La prevenzione della morte cardiaca improvvisa (sudden cardiac death, SCD) è importante, specie nelle società industrializzate, dove è piuttosto frequente. Gli aspetti della nutrizione e dello stile di vita che possono influenzarne il rischio (come il consumo di alcol e caffè) sono quindi da sempre oggetto di indagini accurate. L’associazione tra un basso o moderato consumo di alcol e un certo grado di protezione dalla morte cardiaca improvvisa è stata più volte dimostrata negli uomini, mentre esiste una sola osservazione di questo tipo nelle donne, benché le donne in post-menopausa siano molto esposte al rischio di morte cardiaca improvvisa. Elevate quantità di alcol, per contro, sono correlate a un aumento del rischio di SCD.
Gli autori di questo studio hanno valutato, nell’ambito del Women’s Helath Inititive (WHI) la possibile correlazione tra il consumo nel tempo di alcol (vino, birra, superalcolici) e di caffeina e il rischio di morte cardiaca improvvisa in oltre 93 mila donne statunitensi (reclutate tra il 1993 e il 1998), seguite fino all’agosto del 2009. Dai dati raccolti è emerso che un consumo basso o moderato di alcol (5,1-15,0 g/die equivalenti ad un drink ogni 1-2 giorni circa) è protettivo nei confronti della SCD, più dell’assenza di consumo e del consumo di 0,1 e 5,1 g/die. L’effetto protettivo (pari ad una riduzione del rischio di circa un terzo) raggiunge la significatività statistica solo se ad essere considerato è il consumo recente di alcol, lasciando supporre che tale effetto sia di durata limitata nel tempo. Il caffè, con o senza caffeina, o il tè, sono risultati invece assolutamente ininfluenti su questo rischio.

Glossario

  • Correlazione

    Valutazione della relazione esistente tra differenti variabili, che non implica necessariamente un rapporto di causa ed effetto tra loro. Il tipo di relazione più frequentemente studiato è quello lineare (una retta in un piano cartesiano) in questo caso la forza della correlazione viene espressa con un numero (r) che varia da -1 (la maggiore correlazione negativa possibile) a +1 (la maggiore correlazione positiva possibile) un valore pari a 0 indica assenza di qualsiasi correlazione.

  • Caffeina

    Alcaloide contenuto nei semi del caffè e del cacao e nelle foglie del tè, della cola e del matè; esercita azione eccitante sul cuore e sul sistema nervoso.

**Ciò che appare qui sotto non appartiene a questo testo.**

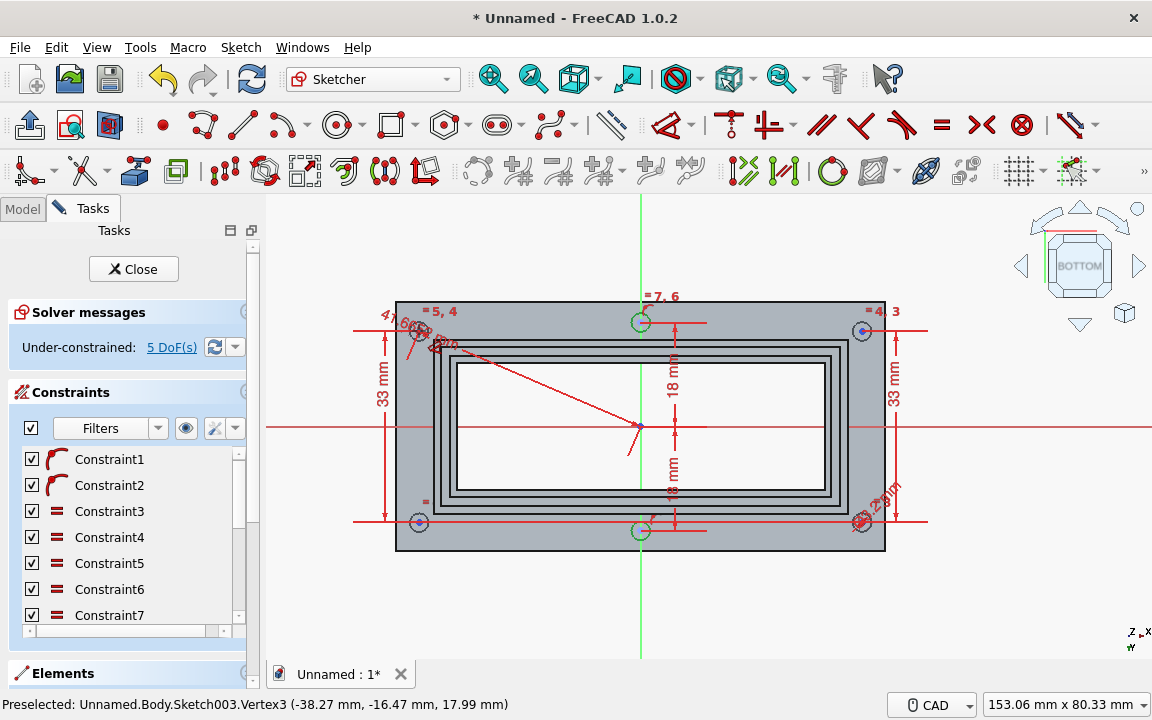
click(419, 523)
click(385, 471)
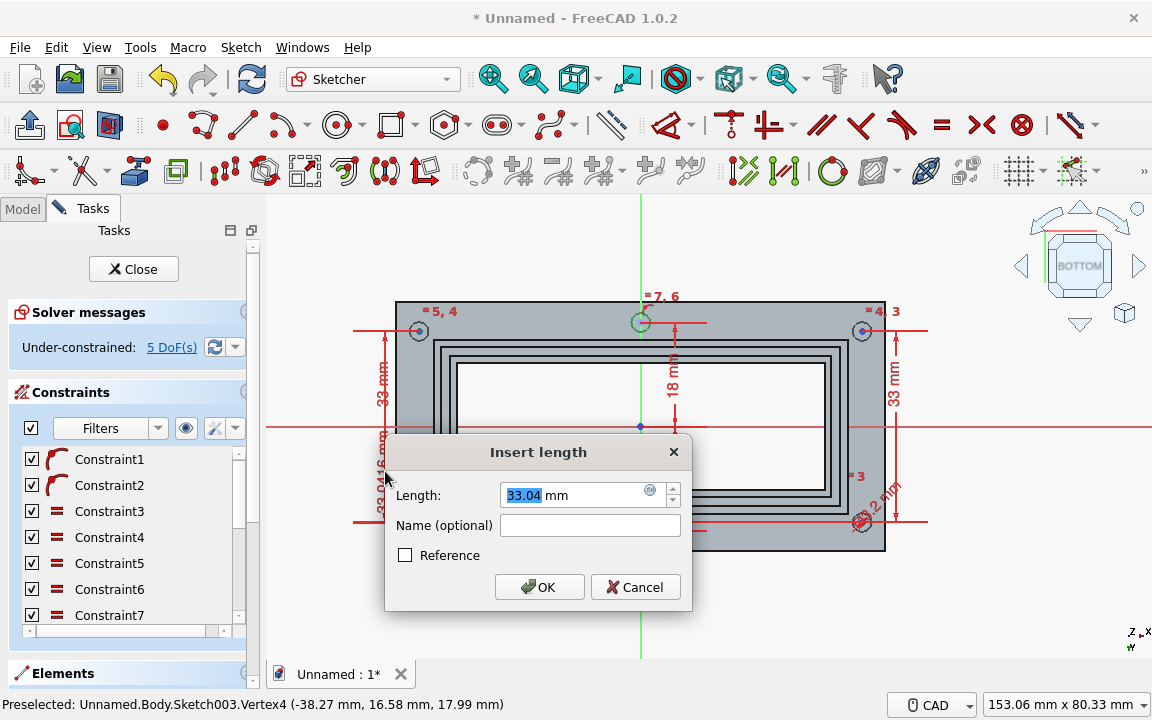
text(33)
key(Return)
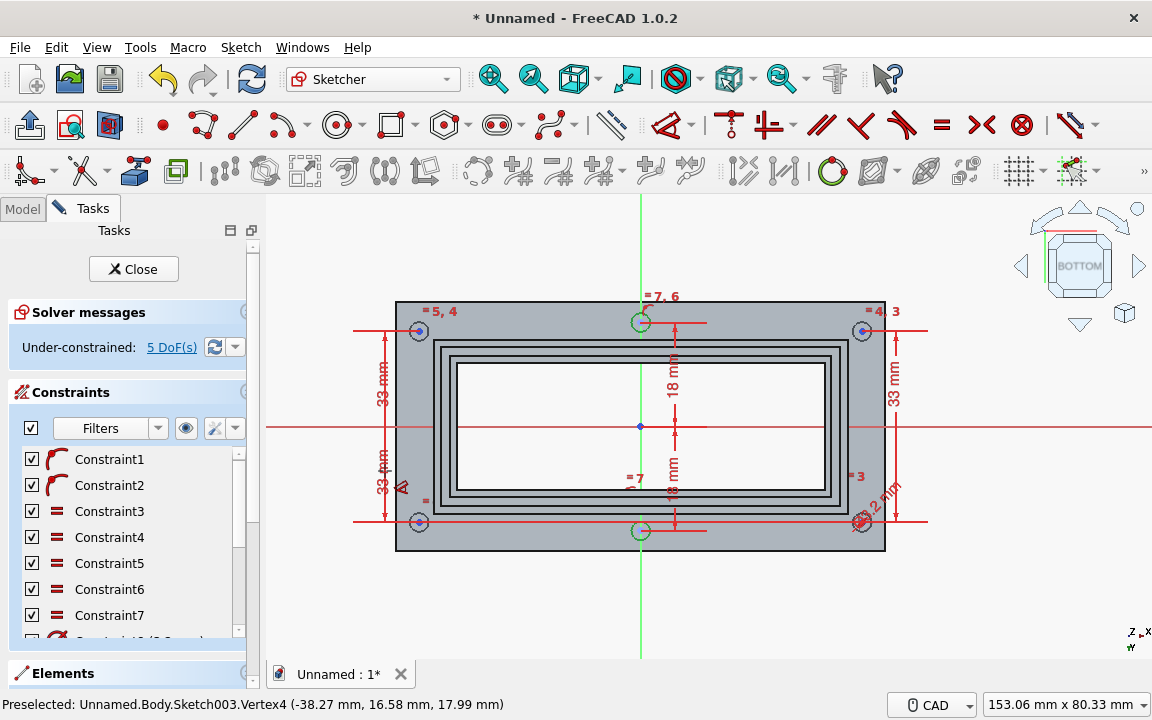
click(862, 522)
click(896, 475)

Long-term alcohol and caffeine intake and risk of sudden cardiac death in women.

BACKGROUND: Alcohol and caffeine intakes may play a role in the development of sudden cardiac death (SCD) because of their effects on cholesterol, blood pressure, heart rate variability, and inflammation.
OBJECTIVE: Our objective was to examine the association between long-term alcohol and caffeine intakes and risk of SCD in women.
DESIGN: We examined 93,676 postmenopausal women who participated in the Women's Health Initiative Observational Study. Women were enrolled between 1993 and 1998 and were followed until August 2009. Women completed a food-frequency questionnaire at baseline and again at year 3. We modeled exposure to alcohol 3 ways: by using baseline intake only, a cumulative average of baseline and year 3 intake, and the most recent reported intake (a simple time-varying analysis).
RESULTS: Intake of 5-15 g alcohol/d (about one drink) was associated with a nonsignificantly reduced risk of SCD compared with 0.1-5 g/d of baseline intake (HR: 0.64; 95% CI: 0.40, 1.02), of cumulative average intake (HR: 0.69; 95% CI: 0.43, 1.11), and of most recent intake (HR: 0.58; 95% CI: 0.35, 0.96), with adjustment for age, race, income, smoking, body mass index, physical activity, hormone use, and total energy. No association was found between SCD and total caffeine intake (mg/d) or cups of caffeinated coffee, decaffeinated coffee, and caffeinated tea.
CONCLUSIONS: Our results suggest that about one drink per day (or 5.1-15 g/d) may be associated with a reduced risk of SCD in this population; however, this association was only statistically significant for a model using the most recent alcohol intake. Total caffeine, regular coffee, decaffeinated coffee, and regular tea intake were not associated with the risk of SCD.